Subset the data to the following five states using the `query` method.  Use the resulting subset to determine the percent churned for each state using the `groupby` method.  Which state had the highest churn rate?  Assign your answer as a string with the two letter abbreviation from the list `states` to `most_churn_ne` below.

```python
states = ['NY', 'MA', 'CT', 'NH', 'ME']
```

In [None]:
states = ['NY', 'MA', 'CT', 'NH', 'ME']

In [None]:
### explore the data here


In [None]:
### GRADED

most_churn_ne = None

### BEGIN SOLUTION
ne = churn_df.query('state in @states')
ans = ne.groupby('state')[['churn']].mean().sort_values(by = 'churn', ascending = False)
most_churn_ne = 'ME'
### END SOLUTION
print(type(most_churn_ne))
most_churn_ne

[Back to top](#Index:) 


### Problem 8: International Minutes and Churn

**1 Point**

Use the Seaborn function `histplot` to create histograms of the `intl_mins` column with `hue` equal to `churn`.  Save your plot as `intl_mins.png` to the `images` folder.  

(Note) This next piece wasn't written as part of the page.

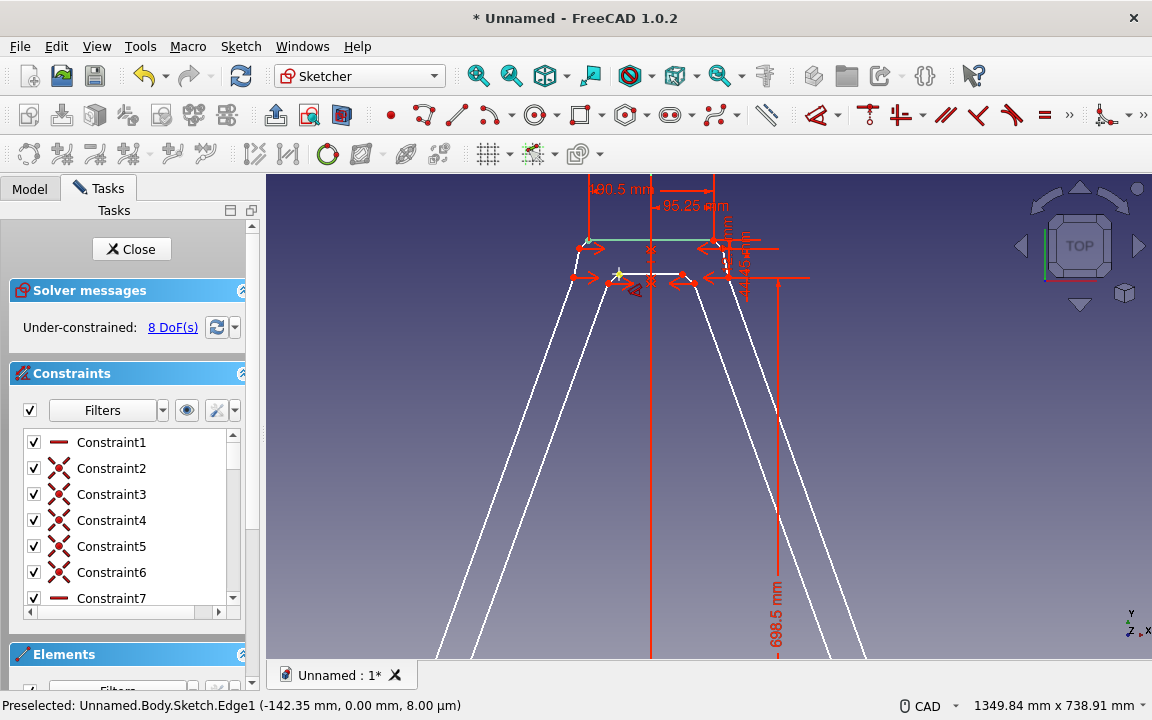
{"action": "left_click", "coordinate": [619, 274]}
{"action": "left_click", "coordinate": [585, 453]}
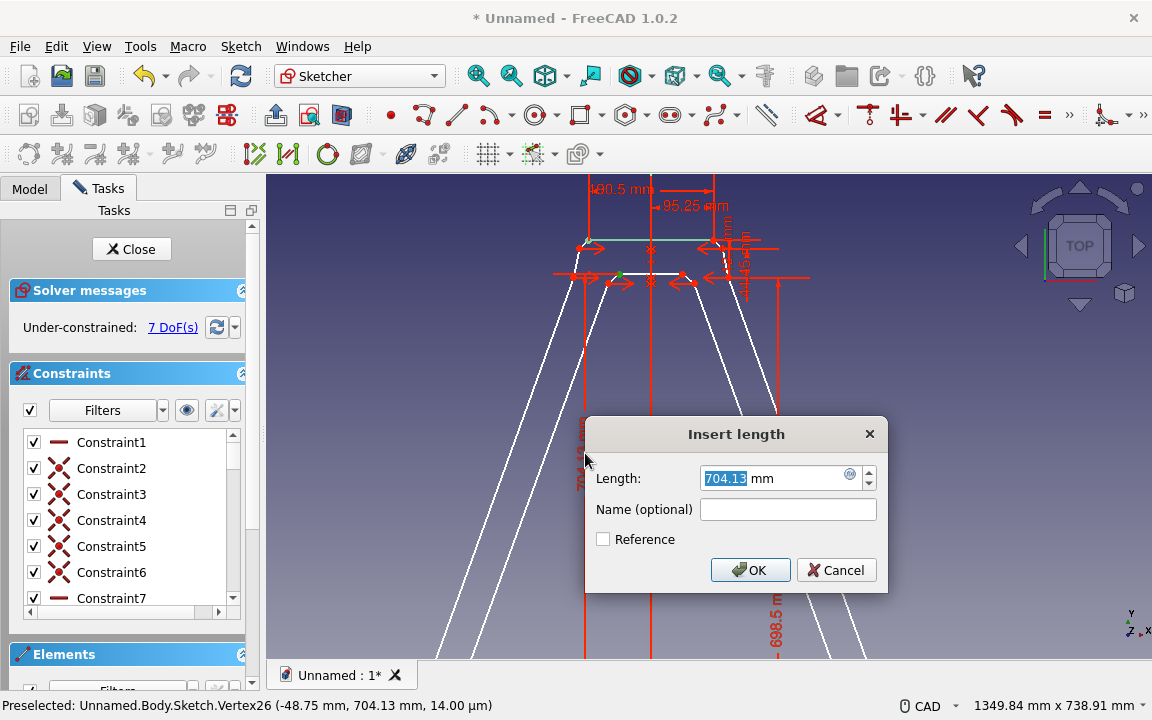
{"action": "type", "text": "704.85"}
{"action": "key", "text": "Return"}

Do you think international minutes determine customer churn?  Assign your answer as a string -- `yes` or `no` -- to `intl_min_churn` below.

In [None]:
### GRADED
#make your histogram

intl_min_churn = None

### BEGIN SOLUTION
intl_min_churn = 'no'
sns.histplot(data = churn_df, x = 'intl_mins', hue = 'churn')
plt.savefig('images/intl_mins.png')
### END SOLUTION
print(type(intl_min_churn))
intl_min_churn

[Back to top](#Index:) 


### Problem 9: `pairplot` of features

**1 Point**

Use the columns `['night_calls', 'night_charge', 'intl_mins', 'intl_calls', 'intl_charge', 'custserv_calls', 'churn']` to produce a seaborn `pairplot` with `hue` equal to `churn`.  Save your image to `pairplot.png` in the `images` folder.  

In [None]:
### GRADED

#make your pairplot

### BEGIN SOLUTION
sns.pairplot(churn_df[['night_calls', 'night_charge', 'intl_mins', 
                       'intl_calls', 'intl_charge', 'custserv_calls', 'churn']], hue = 'churn')
plt.savefig('images/pairplot.png.png')
### END SOLUTION

[Back to top](#Index:) 


### Problem 10: Customer Service Calls and Churn

**1 Point**

Use the `groupby` method to split the data by customers who had more than 4 customer service calls.  Use the `mean()` function to determine the average churn rate for each of the groups and assign your result as a DataFrame to `cust_service_churn` below.

In [None]:
### GRADED

cust_service_churn = None

### BEGIN SOLUTION
cust_service_churn = churn_df.groupby(churn_df['custserv_calls'] > 4)[['churn']].mean()
### END SOLUTION
print(type(cust_service_churn))
cust_service_churn

It seems there are certain criteria where we find a larger percentage of customers churned based on this initial investigation.  Of course, there are many other ways to split, filter, and aggregate the data.  You are encouraged to further slice and dice the data to dig for more clues as to what drives customer churn.